Cinema and Community

Moya Luckett's Cinema and Community: Progressivism, Exhibition, and Film Culture in Chicago, 1907-1917 was published by Wayne State University Press.

Teaching and Research Interests

film history  theory and criticism; television studies; new media; gender  media historiography; theories of modernity  fashion  celebrity and consumer culture 

Recent News

Professor Moya Luckett gave the keynote address, “Not Quite New Media: Celebrity, Social (Im)Mobility and the Historiography of Media Transition” at the Visual Culture in Context(s) Conference at Wayne State University in Detroit, Michigan, in April 2016.

Professor Luckett presented the paper “Surplus Beauty and Synthetic Stars: Exploring Feminine Labor through Star Search Contests” at the 2016 Society for Cinema and Media Studies Annual Conference in Atlanta, Georgia, in April 2016.

Professor Luckett delivered the paper “Scrounging and Striving: Celebrity, Josie Cunningham and the Contradictions of the Neoliberal Self” at the 2016 Celebrity Studies conference in Amsterdam, the Netherlands, in June 2015.

Professor Luckett was awarded a 2014-2015 Gallatin Dean’s Award for Excellence in Teaching. The award recognizes educators for their outstanding teaching; their ability to inspire their students; a pedagogical approach that is creative and rigorous; expert advising and mentoring skills; and contributions to their field.

Professor Luckett was a member of the programming committee for the 2015 Society for Cinema and Media Studies annual conference held in Montreal, Quebec.

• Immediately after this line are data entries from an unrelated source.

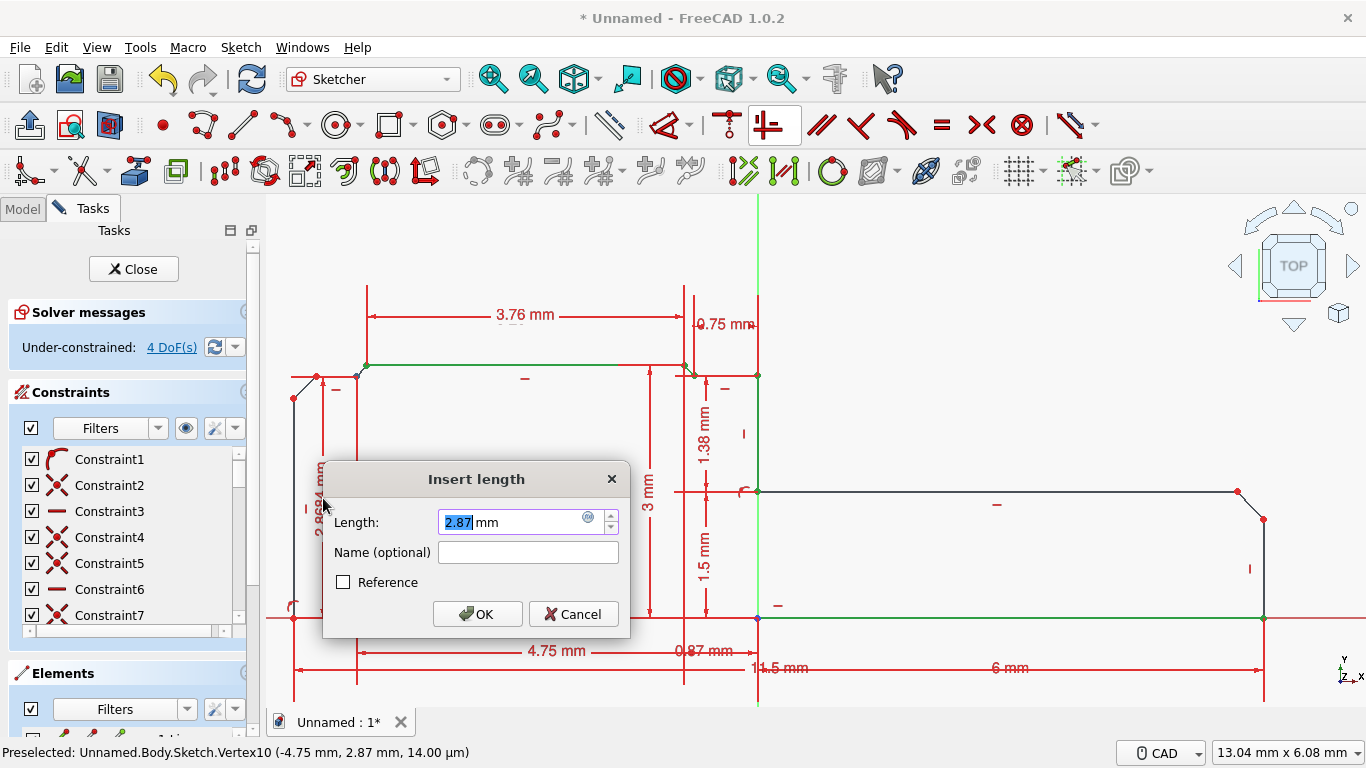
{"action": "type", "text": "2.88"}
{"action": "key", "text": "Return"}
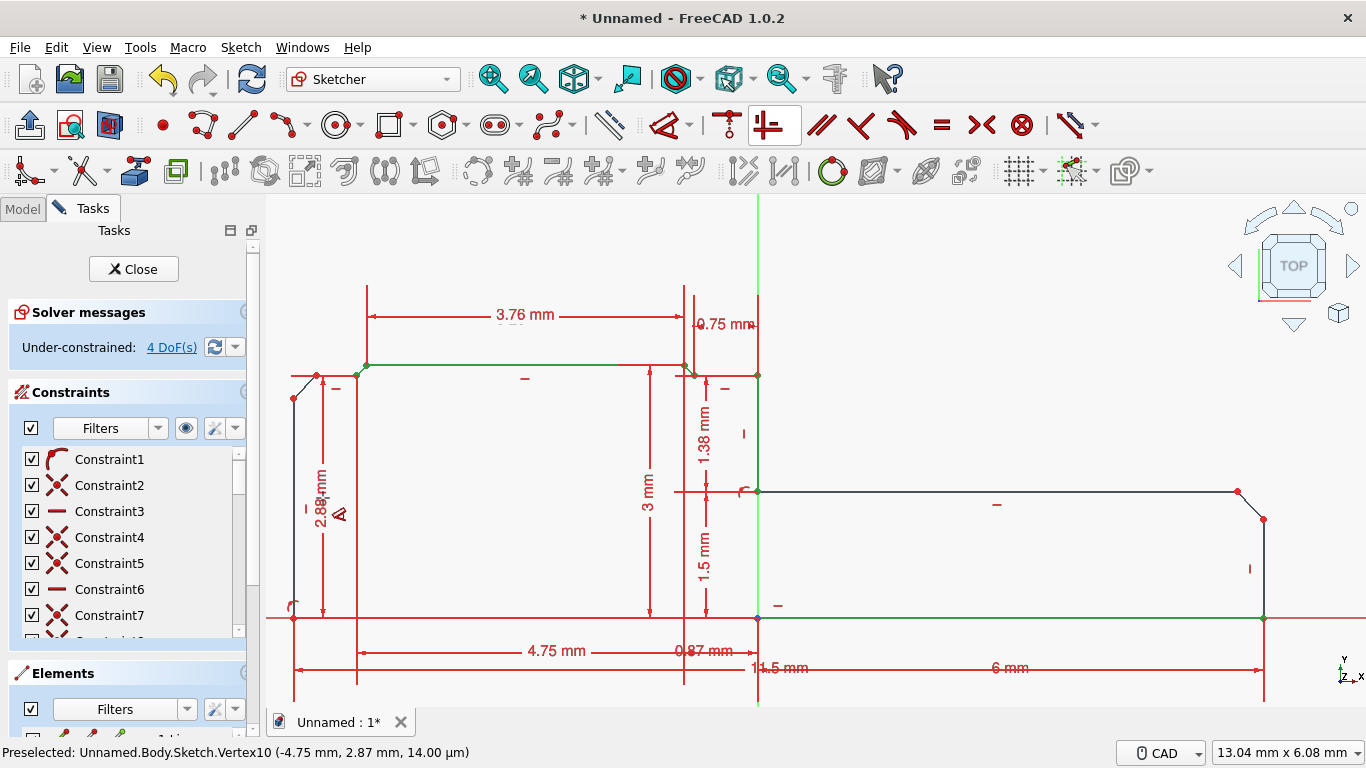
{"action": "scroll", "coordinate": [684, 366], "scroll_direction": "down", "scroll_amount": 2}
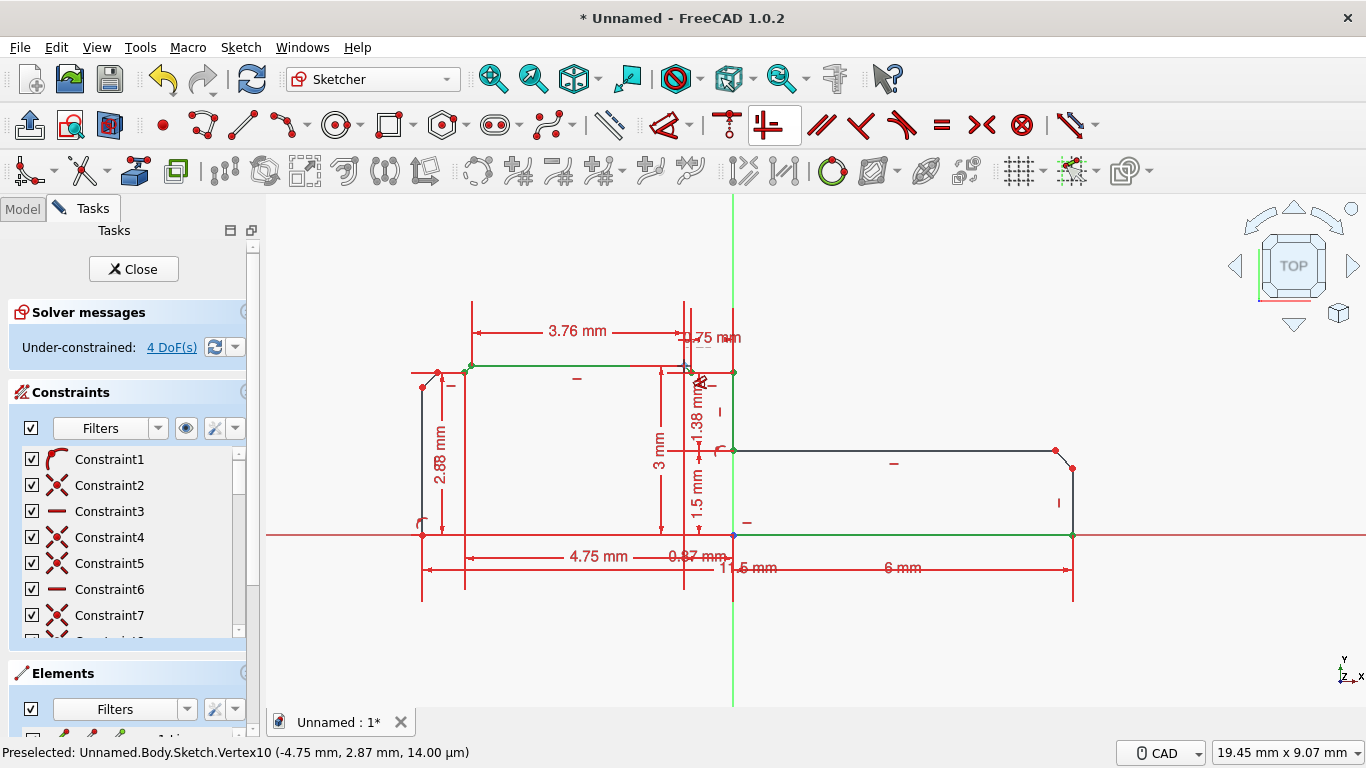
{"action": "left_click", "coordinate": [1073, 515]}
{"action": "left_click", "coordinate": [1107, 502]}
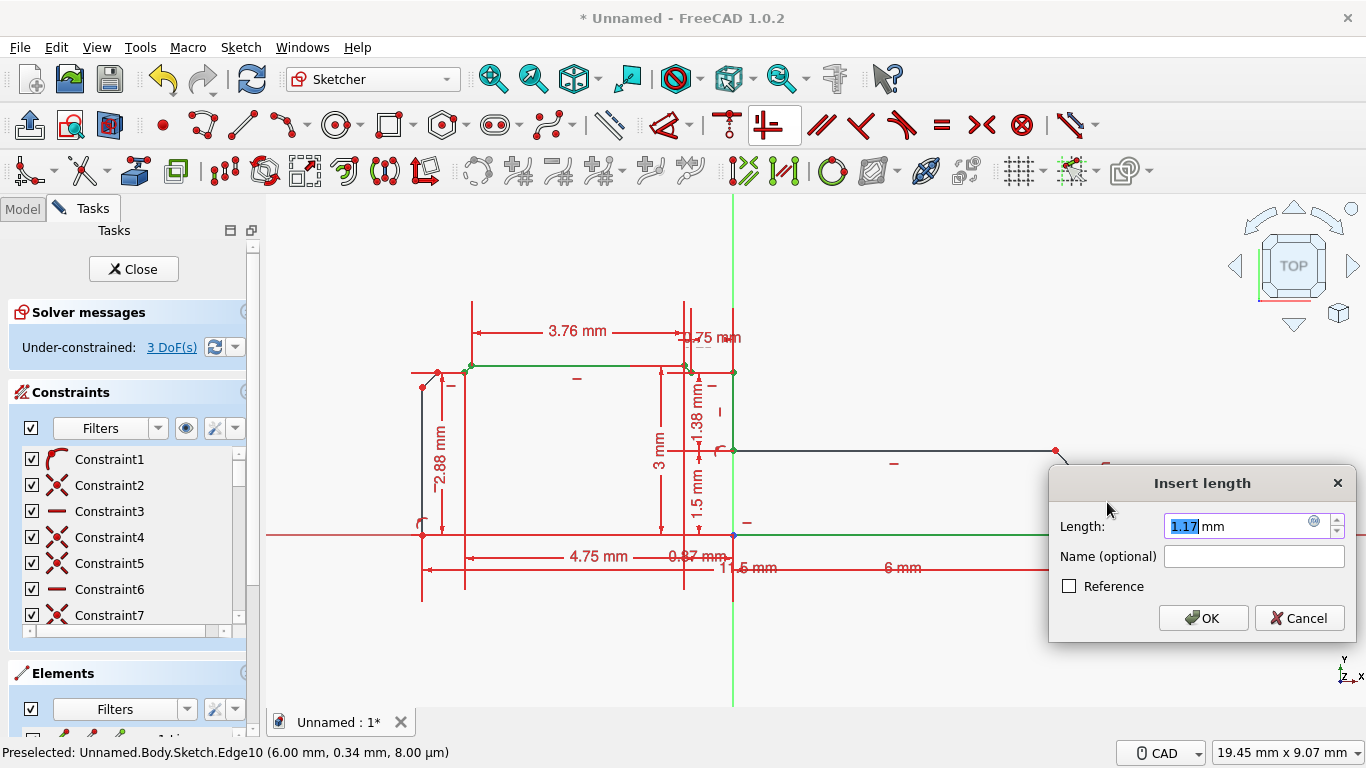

Professor Luckett reviewed Hilary Hallett’s Go West Young Woman! The Rise of Early Hollywood for Screen, vol. 55, no. 4, Winter 2014.

She presented her paper "Sister Stars: Intimacy, Femininity and Possibility" at the Society for Cinema and Media Studies Annual Conference in Montreal, Quebec, in March 2015. She presented her paper "Femininity and the Use of the Past: Popular Television As Feminine Historiography" at the Console-ing Passions Conference, held at the University of Missouri-Columbia, in Columbia, Missouri, in April 2014. She presented her paper "Celebrity, Screens and Medium Specificity" at the Celebrity Studies Conference, at the University of London, London, UK, in June 2014. She also presented "Reimagining 'Ordinary Women:' Working Women and Feminine Historiography in British Period Television Dramas" at the European Popular Culture Association Conference, in London, UK, in June 2014. She presented “Not Quite New Media: Celebrity and the Historiography of Media Transition,” at the Media, Culture and Cultural Studies Association Annual Conference, held at Bournemouth University, UK, in January 2014.

Professor Luckett’s book, Cinema and Community: Progressivism, Exhibition and Film Culture in Chicago, 1907–1917, was published by Wayne State University Press in 2013.

She delivered her paper “Celebrity, Stardom and Ambivalence: Hollywood’s Misgivings about Screen Fame,” at the Screen Studies Conference, held in Glasgow, UK, in June 2013. Also in June, she read “Women’s History, Women’s Work: Popular Television as Feminine Historiography,” for the Console-ing Passions: International Conference on Television, Video, Audio, New Media and Feminism, held at Leicester De Montfort University, UK. She published “Playmates and Polygamists: Feminine Textuality in Big Love, Sister Wives and The Girls Next Door,” in Feminist Media Studies (October 2013).